I don’t know for sure if the emotions and sensations that I’m feeling on the hike are related to the time when my parents were away. They may be from some other time. It doesn’t really matter if I know or not. What matters is that I stay with my sensations and emotions.
As I tune into my gripping, rubbing fingers with my eyes closed, my body becomes distant and I feel as though I am slightly above it. I have to will my attention into my body. I find some tightness in my chest and share that with Vince. The impulse is to reach for his hand but there is a strong fear with that impulse. Vince and I often support each other in our very vulnerable places, so the trust between us is immense, and yet the fear is there – when trauma surfaces, it brings the past with it. The trauma part doesn’t know that things have changed. If we don’t have the tools, resources, and support, we will act out that trauma based on the past. With the tools, resources, and support, we can bring that part into the present, feel with it and help it learn and trust the appropriate expression or action.
Slowly, slowly, I separate my hands and reach with my left hand for Vince’s hand. When Vince’s hand meets mine, the frozen dissociation begins melting and the tears flow. Still following the impulses in my body, I turn toward Vince, still with eyes closed, and let my head fall against what I think/hope is his shoulder. The grief is a rushing river and his shoulder helps me stay with it. When the tears slow down, I say some things that I think my young self need to have acknowledged: “I got left behind. I needed my mother.” I feel extremely vulnerable as I say these things, but I stay with that vulnerability, and Vince helps by affirming each thing I say.
Nausea is the next thing I notice in my body, so I name that.
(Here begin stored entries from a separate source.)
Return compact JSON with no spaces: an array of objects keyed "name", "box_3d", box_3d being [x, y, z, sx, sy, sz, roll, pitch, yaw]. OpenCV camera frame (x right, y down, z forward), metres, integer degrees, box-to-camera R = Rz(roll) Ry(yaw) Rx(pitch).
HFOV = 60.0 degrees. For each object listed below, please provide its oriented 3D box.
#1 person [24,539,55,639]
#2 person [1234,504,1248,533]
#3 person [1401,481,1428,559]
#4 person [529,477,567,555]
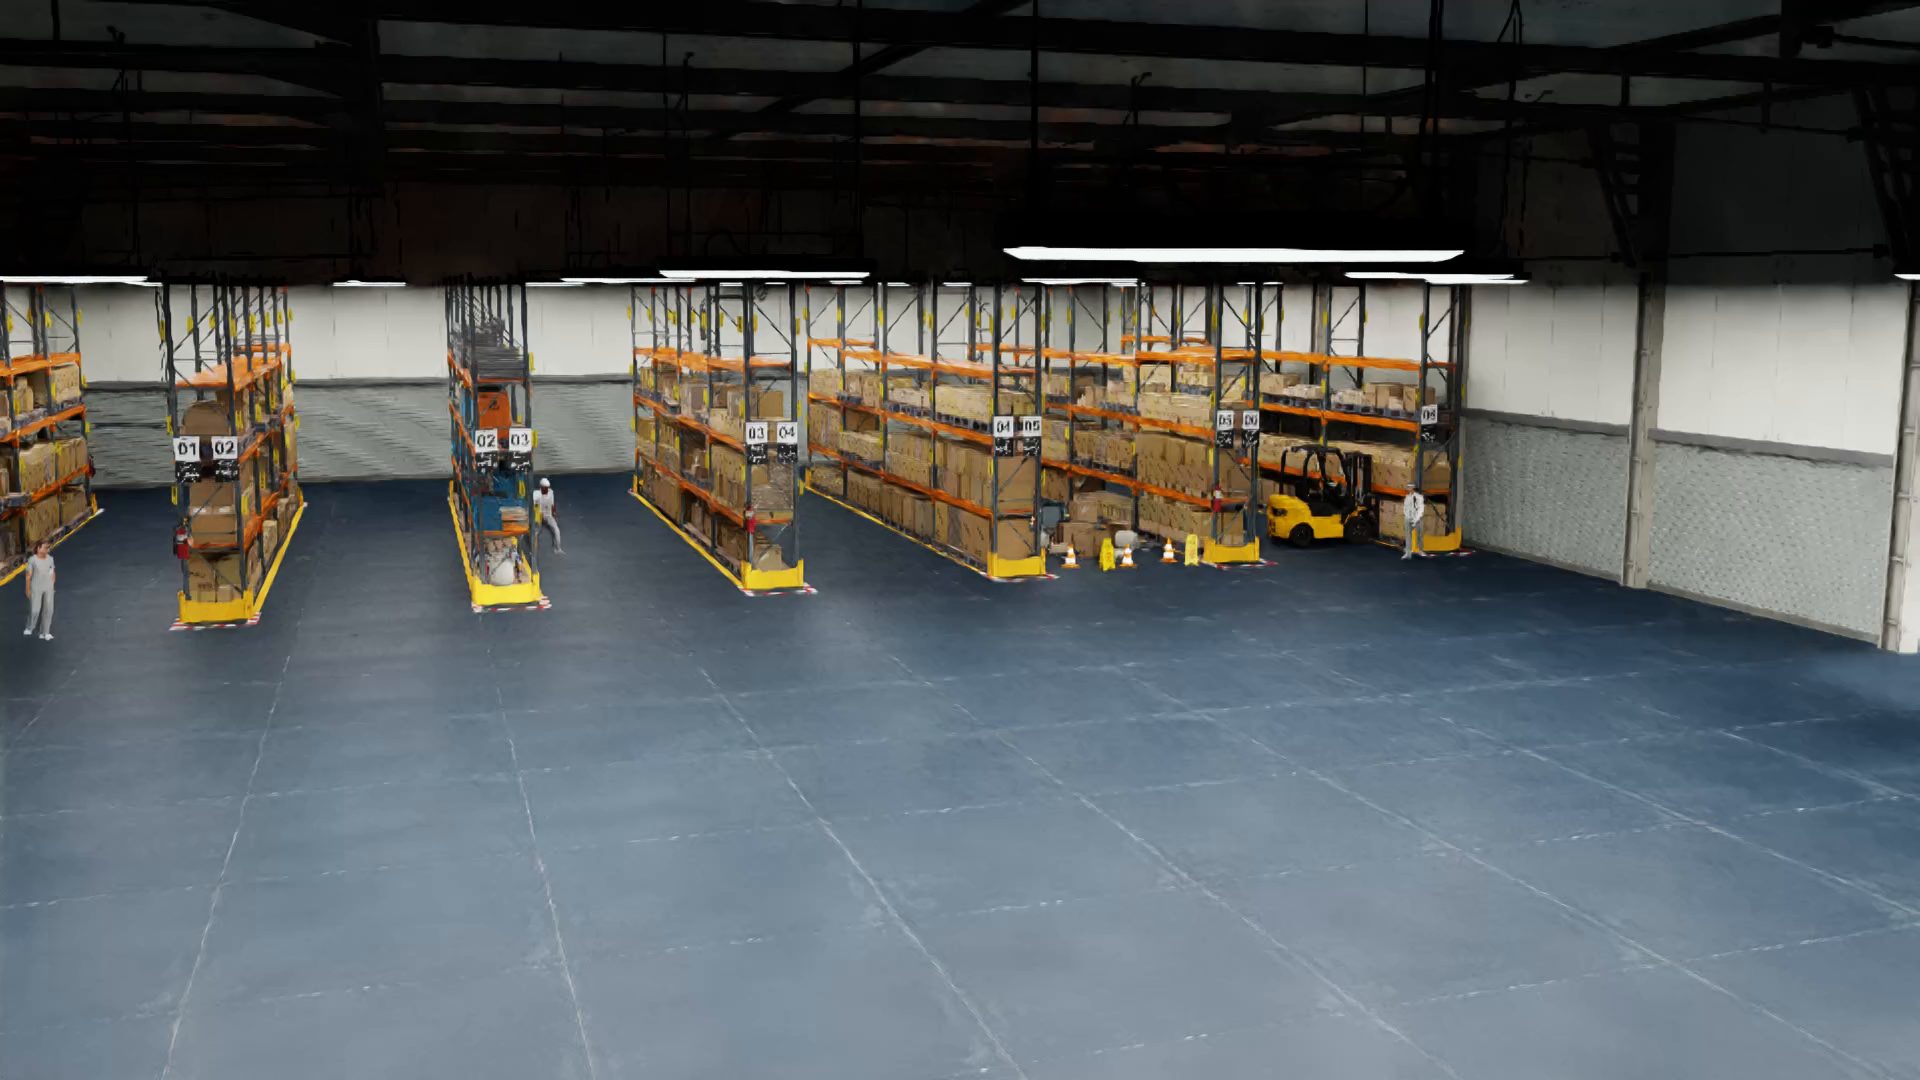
[{"name":"person","box_3d":[-15.136,0.803,27.310,0.527,1.659,0.506,6,10,35]},{"name":"person","box_3d":[6.533,-0.964,39.088,0.527,1.592,0.522,2,9,13]},{"name":"person","box_3d":[9.700,-0.437,35.485,0.496,1.658,0.677,8,12,43]},{"name":"person","box_3d":[-8.954,-0.510,35.743,0.699,1.697,0.801,-7,11,-38]}]

Part of me wants to run from it, but, again, I will myself to move toward it. Before long, I’m coughing and spitting, and then dry heaving. Just like in previous healing sessions in which nausea has come up, I don’t know what the nausea is linked to. Maybe I’m not yet ready to know, maybe I don’t need to know. Whatever the case, some very loud dry heaving ensues. Vince starts belching and coughing beside me. Vince is a very talented healer with many tools, one of which is the ability to metabolize trauma through his belly. I don’t know exactly how this works, but I know that belching is a part of the process.
This might be a good time to mention that Vince and I are not deep in the wilderness, far from any signs of people. Sandy Cove Loop is not a popular trail, but there are hikers going by from time to time maybe twenty meters from us. What Vince and I know is deep healing work, others might think is a bad hangover or who knows what. I do my best to stay tuned into my body and my traumatized part while also listening for anyone coming along – not easy to do. Perhaps, the odd hiker passing by is an important part of the process. Maybe I need to show my young parts that I’m not going to leave them (remove my attention from them), no matter what. Perhaps I need to let myself trust that Vince is taking care of things.
I end up lying down on my belly with my head hanging over a small ledge while Vince holds onto my feet. I spit out the last of my nausea and give myself to Mother Earth. I don’t want my cap to fall off my head, so I take it off and throw it behind me. It hits Vince, but he doesn’t make a sound (later he tells me that it hit him right in the face!). He is focussed on me and the healing process.